The memorial at Auschwitz has a plaque repeating these words in every language of those who suffered at the Nazi camp.

It was a very early start (especially for the airplane party attendees who had partied until the wee hours of the morning) and quite a cold one. The day before, we had all grumbled about the chilly weather and the morning of our departure from Olomouc dawned not only freezing but rainy as well. The weather suited the tone of our next stop, as we were heading into Poland and spending most of the day at the Nazi concentration and death camps at Auschwitz before heading into Krakow in the late afternoon.

Auschwitz was one of the stops I had been most interested to visit on the trip. Most of the Second World War is so far removed from American daily life and understanding and the academic, textbook version of the war do little to bring it to life. In England, there seems to be much more cultural understanding of the damage that war caused and I imagined that understanding and the lingering scars would be even greater in the places where the war truly tore countries apart. The War itself aside, the atrocities committed by the Nazis on the Jewish and political enemies could never be truly realized in textbook coverage and I think it’s important for people to see and remember what occurred at places like Auschwitz. Clearly the local Polish people felt the same way – I was surprised to hear that Auschwitz opened as a monument and museum, complete with guided tours and reminders of what daily life had been like for those interned there, less than two years after Auschwitz was liberated by the Soviets. It was important to them that the scars stay fresh as a constant reminder of the terrors that occurred there.

It’s hard to describe the feeling of the place, even the small restaurant across the street where we grabbed some lunch before heading into the grounds of the camp had a subdued and eerie feel, which intensified greatly as we walked under the infamous iron gateway bearing the words, in German, “Work makes you free.” Our local tour guide gave an understated and non-dramatic commentary to accompany our walk through Auschwitz I and Auschwitz II-Birkenau that outlined the grim and in most cases fatal routine that awaited those brought to the camps.

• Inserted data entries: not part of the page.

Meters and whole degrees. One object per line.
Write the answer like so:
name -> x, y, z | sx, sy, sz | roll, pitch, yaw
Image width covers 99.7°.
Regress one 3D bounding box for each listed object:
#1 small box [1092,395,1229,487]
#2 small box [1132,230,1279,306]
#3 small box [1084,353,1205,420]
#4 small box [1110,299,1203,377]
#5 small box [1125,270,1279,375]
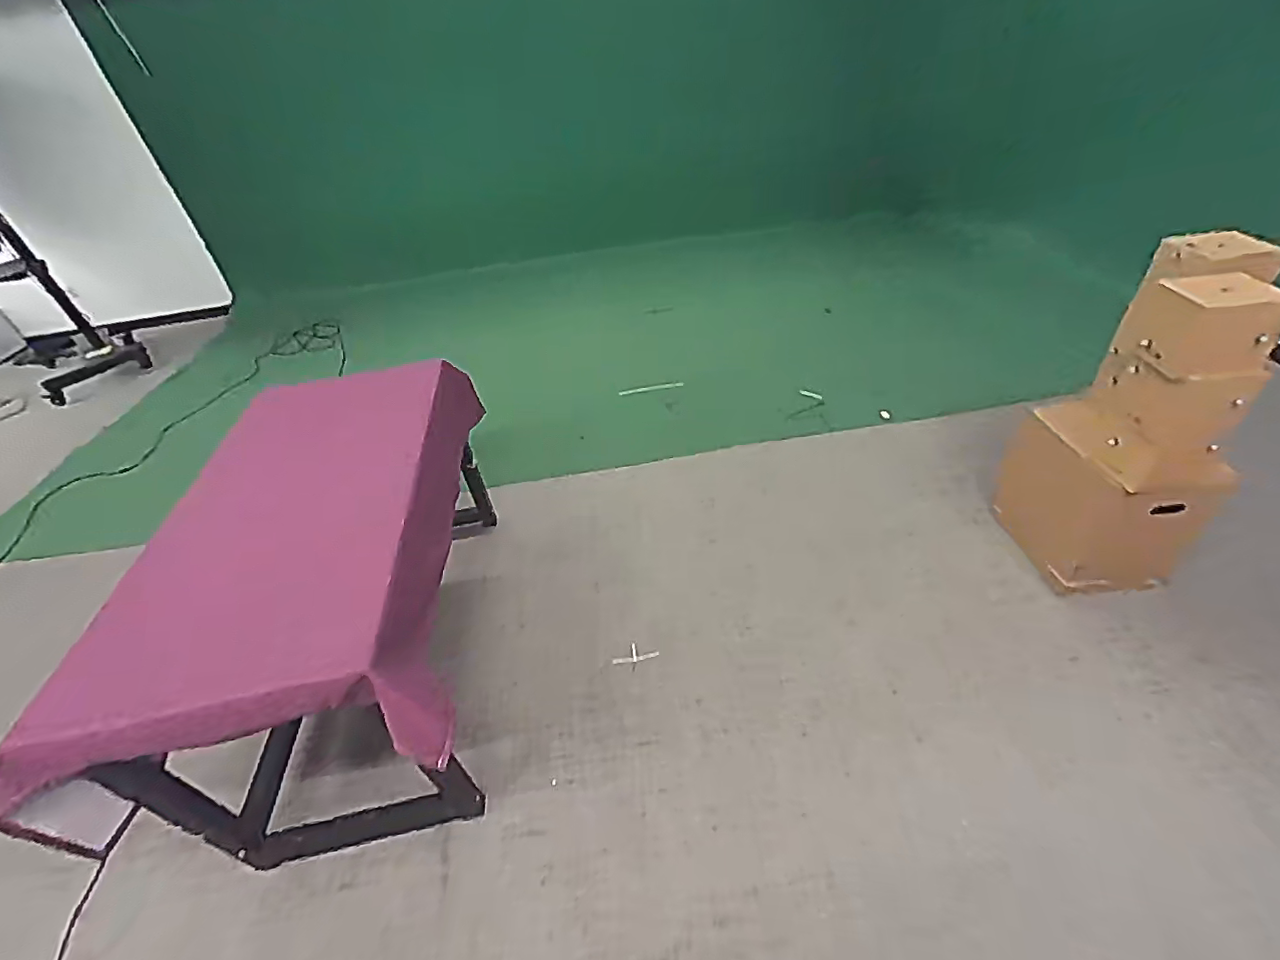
small box -> 1.332, -0.097, 1.406 | 0.179, 0.176, 0.168 | -8, 40, 1
small box -> 1.433, -0.521, 1.380 | 0.179, 0.176, 0.168 | -5, 39, 2
small box -> 1.461, -0.263, 1.584 | 0.168, 0.176, 0.179 | -3, 41, 7
small box -> 1.445, -0.392, 1.482 | 0.179, 0.176, 0.168 | -1, 40, 8
small box -> 1.258, -0.351, 1.210 | 0.179, 0.176, 0.168 | -4, 39, 7

I’m glad I’ve had the opportunity to see Auschwitz, although I don’t blame those on our tour who, having been before, opted not to visit again. The place is heavy, ghostly and a stark reminder of the absolute worst of human history. The War would be a reoccurring theme during our stay in Poland as the country had been one of the worst affected but nowhere was that affect more true than at Auschwitz.

The mood was somber as we climbed back on the bus and reminders of our tour of Auschwitz would stay with us for the rest of the trip but it didn’t take too long, and too many descriptions of the dinner options that awaited us in the Polish town of Krakow, to cheer everyone up and by late afternoon we had arrived in a cold and raining Krakow hostel to unpack our bags and head into town.

If I had thought that Olomouc was an attractive little town, Krakow put it to shame. Despite the rain and the cold, I walked into the town square that first evening and found myself, to my great surprise, thinking “I could live here!” (Don’t worry, I’m not about to pack up and move to Poland any time soon!) The town square was gorgeous, surrounding a covered market and museum and lined by little shops and cafes. The church on the square commanded the most attention, soaring high above the rest of the town with its unique towers, both of which were incredibly different from each other – one being a belltower and one a medieval watchtower.

There wasn’t much time to admire the view as we were cold, wet and in need of food. Stories of perogi (flour dumplings filled with meat, cheese, stewed cabbage or fruit), roasted pork knuckle tender enough to fall off the bone and rich local soups had tided us over through the long bus ride and now we were ready to dive in.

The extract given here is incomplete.